[Problem statement] Please write out exactly the lines of the data below from the line holding "- pedestrian (1243,828,1284,902)" through the line holding "- pedestrian (1501,845,1536,885)", and leave out the rest.

Recorded data
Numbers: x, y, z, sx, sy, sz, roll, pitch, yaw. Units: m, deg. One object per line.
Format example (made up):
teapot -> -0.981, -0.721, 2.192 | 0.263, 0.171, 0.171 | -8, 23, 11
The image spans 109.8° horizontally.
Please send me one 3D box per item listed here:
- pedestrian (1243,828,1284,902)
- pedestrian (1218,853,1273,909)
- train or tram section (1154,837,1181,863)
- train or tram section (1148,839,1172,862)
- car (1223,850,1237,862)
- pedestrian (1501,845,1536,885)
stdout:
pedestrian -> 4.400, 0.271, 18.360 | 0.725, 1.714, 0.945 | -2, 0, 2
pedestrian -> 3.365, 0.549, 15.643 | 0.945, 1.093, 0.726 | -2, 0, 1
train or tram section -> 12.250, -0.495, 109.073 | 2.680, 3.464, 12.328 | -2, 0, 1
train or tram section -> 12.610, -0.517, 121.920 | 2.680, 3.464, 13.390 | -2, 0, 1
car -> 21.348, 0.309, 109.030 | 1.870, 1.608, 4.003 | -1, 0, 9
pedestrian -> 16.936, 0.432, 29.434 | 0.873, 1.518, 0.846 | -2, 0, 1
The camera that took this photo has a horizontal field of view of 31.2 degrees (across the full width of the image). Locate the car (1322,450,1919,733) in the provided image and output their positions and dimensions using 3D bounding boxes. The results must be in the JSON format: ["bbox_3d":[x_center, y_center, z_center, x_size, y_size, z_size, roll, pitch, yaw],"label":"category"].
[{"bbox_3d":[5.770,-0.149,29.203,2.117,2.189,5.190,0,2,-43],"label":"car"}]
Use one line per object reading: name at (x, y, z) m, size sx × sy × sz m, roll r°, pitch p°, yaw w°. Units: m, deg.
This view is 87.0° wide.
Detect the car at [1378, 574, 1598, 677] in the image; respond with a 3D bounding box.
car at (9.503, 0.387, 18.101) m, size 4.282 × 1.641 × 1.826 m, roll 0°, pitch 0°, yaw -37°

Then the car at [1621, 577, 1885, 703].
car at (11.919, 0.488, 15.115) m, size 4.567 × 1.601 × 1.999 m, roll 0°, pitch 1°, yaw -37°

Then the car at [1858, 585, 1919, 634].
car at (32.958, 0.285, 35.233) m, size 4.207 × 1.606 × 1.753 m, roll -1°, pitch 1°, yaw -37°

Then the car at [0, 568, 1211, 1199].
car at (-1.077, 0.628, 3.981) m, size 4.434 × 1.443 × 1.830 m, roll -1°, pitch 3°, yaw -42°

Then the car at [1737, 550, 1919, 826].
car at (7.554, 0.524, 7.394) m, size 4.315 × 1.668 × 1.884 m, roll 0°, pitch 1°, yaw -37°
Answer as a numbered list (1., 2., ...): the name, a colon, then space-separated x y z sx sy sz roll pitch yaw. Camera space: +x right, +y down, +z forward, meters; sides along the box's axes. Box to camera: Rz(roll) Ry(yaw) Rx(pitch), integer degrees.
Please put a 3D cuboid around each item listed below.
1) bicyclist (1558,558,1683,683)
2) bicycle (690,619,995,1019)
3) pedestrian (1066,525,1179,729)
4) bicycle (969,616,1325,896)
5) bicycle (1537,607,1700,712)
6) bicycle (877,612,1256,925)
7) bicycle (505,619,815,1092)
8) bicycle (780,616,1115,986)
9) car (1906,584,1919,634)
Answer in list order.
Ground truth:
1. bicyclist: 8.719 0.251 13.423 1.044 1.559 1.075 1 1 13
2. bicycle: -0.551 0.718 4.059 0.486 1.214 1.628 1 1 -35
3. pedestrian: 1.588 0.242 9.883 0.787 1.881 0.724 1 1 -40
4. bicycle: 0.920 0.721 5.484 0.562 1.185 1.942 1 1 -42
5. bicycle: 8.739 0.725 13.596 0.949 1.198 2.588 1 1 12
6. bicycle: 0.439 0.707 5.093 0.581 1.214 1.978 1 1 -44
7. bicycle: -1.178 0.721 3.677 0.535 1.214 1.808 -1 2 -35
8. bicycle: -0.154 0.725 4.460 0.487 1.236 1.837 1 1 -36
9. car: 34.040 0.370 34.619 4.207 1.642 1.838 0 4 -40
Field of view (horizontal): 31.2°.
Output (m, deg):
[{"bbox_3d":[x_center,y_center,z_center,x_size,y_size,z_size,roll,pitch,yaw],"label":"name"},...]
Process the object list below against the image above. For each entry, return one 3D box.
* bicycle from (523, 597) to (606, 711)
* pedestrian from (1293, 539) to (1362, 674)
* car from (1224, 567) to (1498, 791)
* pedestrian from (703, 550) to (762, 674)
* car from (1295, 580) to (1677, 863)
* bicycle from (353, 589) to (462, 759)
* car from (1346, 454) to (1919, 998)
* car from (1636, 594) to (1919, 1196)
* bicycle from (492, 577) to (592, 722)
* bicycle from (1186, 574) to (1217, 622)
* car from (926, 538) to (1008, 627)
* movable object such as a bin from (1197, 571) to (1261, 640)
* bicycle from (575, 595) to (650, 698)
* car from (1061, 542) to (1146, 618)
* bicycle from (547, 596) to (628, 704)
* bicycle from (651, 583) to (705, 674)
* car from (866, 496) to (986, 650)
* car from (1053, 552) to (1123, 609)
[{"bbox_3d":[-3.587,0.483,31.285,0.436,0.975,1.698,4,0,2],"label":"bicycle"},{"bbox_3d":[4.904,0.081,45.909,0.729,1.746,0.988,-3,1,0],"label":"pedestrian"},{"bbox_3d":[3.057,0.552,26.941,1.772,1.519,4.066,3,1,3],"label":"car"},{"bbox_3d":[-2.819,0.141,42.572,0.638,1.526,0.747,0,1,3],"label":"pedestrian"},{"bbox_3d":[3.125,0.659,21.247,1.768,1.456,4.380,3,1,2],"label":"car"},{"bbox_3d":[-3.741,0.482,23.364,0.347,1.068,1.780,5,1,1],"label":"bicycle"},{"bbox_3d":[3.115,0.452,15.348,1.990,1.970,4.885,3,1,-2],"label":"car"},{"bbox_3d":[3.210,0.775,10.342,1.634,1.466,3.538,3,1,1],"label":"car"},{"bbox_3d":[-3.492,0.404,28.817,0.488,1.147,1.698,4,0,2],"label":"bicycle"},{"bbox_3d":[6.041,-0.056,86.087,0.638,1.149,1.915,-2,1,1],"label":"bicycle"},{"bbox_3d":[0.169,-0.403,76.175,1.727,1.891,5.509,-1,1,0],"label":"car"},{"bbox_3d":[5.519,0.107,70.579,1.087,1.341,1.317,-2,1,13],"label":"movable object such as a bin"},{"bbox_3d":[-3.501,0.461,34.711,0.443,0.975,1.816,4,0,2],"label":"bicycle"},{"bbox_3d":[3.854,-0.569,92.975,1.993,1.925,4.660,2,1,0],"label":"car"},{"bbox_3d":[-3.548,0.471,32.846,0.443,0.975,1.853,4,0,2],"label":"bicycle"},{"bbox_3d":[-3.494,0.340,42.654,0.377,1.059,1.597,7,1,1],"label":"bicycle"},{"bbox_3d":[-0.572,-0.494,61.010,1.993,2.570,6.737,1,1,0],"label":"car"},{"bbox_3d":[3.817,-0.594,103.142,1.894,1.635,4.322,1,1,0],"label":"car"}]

[Reply to the task]
- pedestrian (1243,828,1284,902)
- pedestrian (1218,853,1273,909)
- train or tram section (1154,837,1181,863)
- train or tram section (1148,839,1172,862)
- car (1223,850,1237,862)
- pedestrian (1501,845,1536,885)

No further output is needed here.